One shareholder controls a majority of the voting power of our common stock, and his interest may conflict with investors’.
     As of April 30, 2006, our Chairman of the Board of Directors, Chief Executive Officer and President, Jeffrey H. Smulyan, beneficially owned shares representing approximately 67% of the outstanding combined voting power of all classes of our common stock, as calculated pursuant to Rule 13d-3 of the Exchange Act. He therefore is in a position to exercise substantial influence over the outcome of most matters submitted to a vote of our shareholders, including the election of directors.
The FCC has recently begun more vigorous enforcement of its indecency rules against the broadcast industry, which could have a material adverse effect on our business.
     The FCC’s rules prohibit the broadcast of obscene material at any time and indecent material between the hours of 6 a.m. and 10 p.m. Broadcasters risk violating the prohibition on the broadcast of indecent material because of the FCC’s broad definition of such material, coupled with the spontaneity of live programming.
     Recently, the FCC has begun more vigorous enforcement of its indecency rules against the broadcasting industry as a whole. Two Congressional committees have recently conducted hearings relating to indecency. Legislation has also been introduced in Congress that would increase the penalties for broadcasting indecent programming, and depending on the number of violations engaged in, would automatically subject broadcasters to license revocation, renewal or qualifications proceedings in the event that they broadcast indecent material. The FCC has indicated that it is stepping up its enforcement activities as they apply to indecency, and has threatened to initiate license revocation proceedings against broadcast licensees for future “serious indecency violations.” The FCC has found on a number of occasions recently that the content of radio broadcasts has contained indecent material. The FCC issued fines to the offending licensees. Moreover, the FCC has recently begun imposing separate fines for each allegedly indecent “utterance,” in contrast with its previous policy, which generally considered all indecent words or phrases within a given program as constituting a single violation.

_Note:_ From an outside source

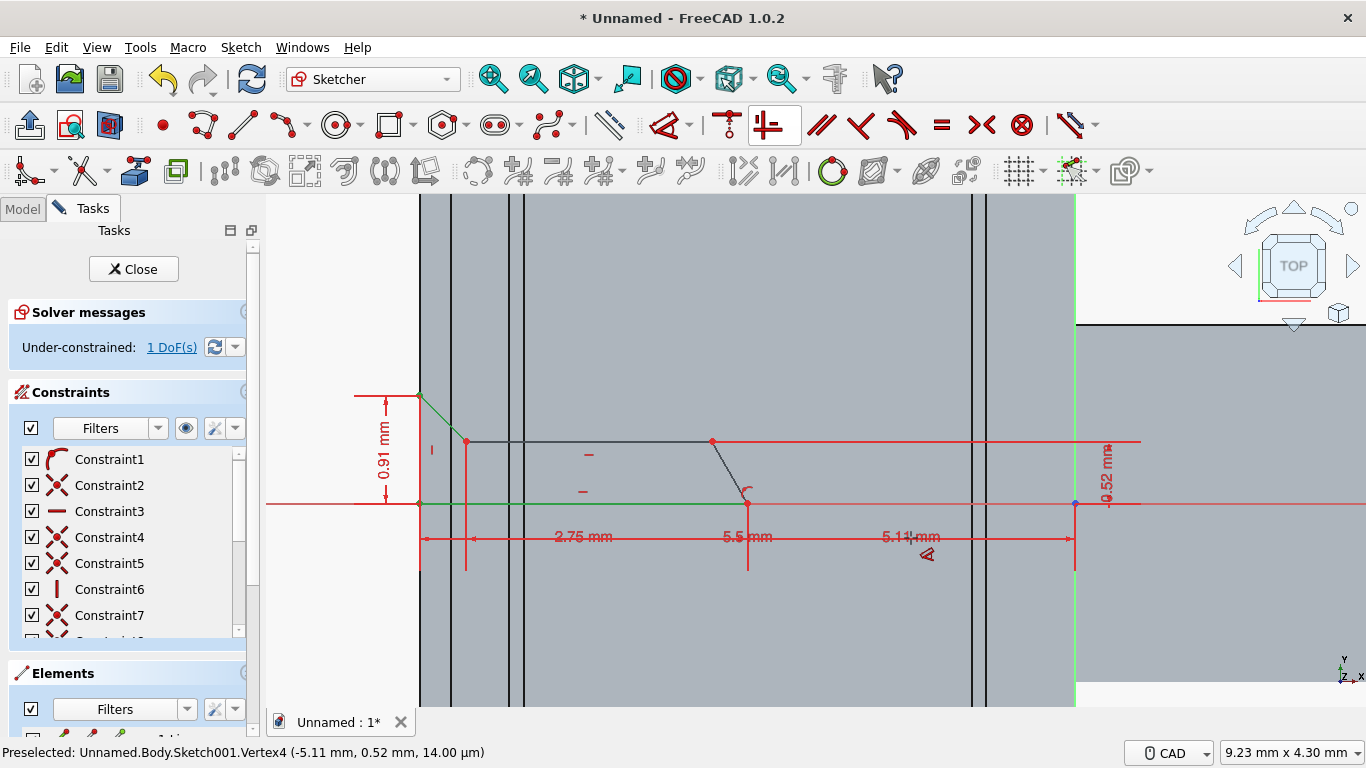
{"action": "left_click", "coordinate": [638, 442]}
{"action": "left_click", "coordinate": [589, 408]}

     In August of 2004, Emmis entered into a Consent Decree with the FCC, pursuant to which (i) the Company adopted a compliance plan intended to avoid future indecency violations, (ii) the Company admitted, solely for purposes of the Decree, that certain prior broadcasts were “indecent,” (iii) the Company agreed to make a voluntary payment of $300,000 to the U.S. Treasury, (iv) the FCC rescinded its prior enforcement actions against the Company based on allegedly indecent broadcasts and agreed not to use against the Company any indecency violations based on complaints within the FCC’s possession as of the date of the Decree or “similar” complaints based on pre-Decree broadcasts, and (v) the FCC found that neither the alleged indecency violations nor the circumstances surrounding a civil suit filed by a WKQX announcer raised any substantial and material questions concerning the Company’s qualifications to hold FCC licenses. A petition requesting that the FCC reconsider its approval of the Decree has been filed and remains pending. If the petition were to be granted by the FCC, or if a court appeal were taken and the court were to invalidate the decree, then any indecent broadcasts that may have occurred on the Company’s stations could be considered by the FCC, which could have an adverse impact on the Company’s FCC licenses. In addition, petitions have been filed against the license renewal applications of stations WKQX and KPNT, and an informal objection has been filed against the license renewals of the Company’s Indiana radio stations, in each case based primarily on the matters covered by the Decree. Consequently, any invalidation of the Decree could result in the petitions and objections being considered in connection with those and possibly other license renewals.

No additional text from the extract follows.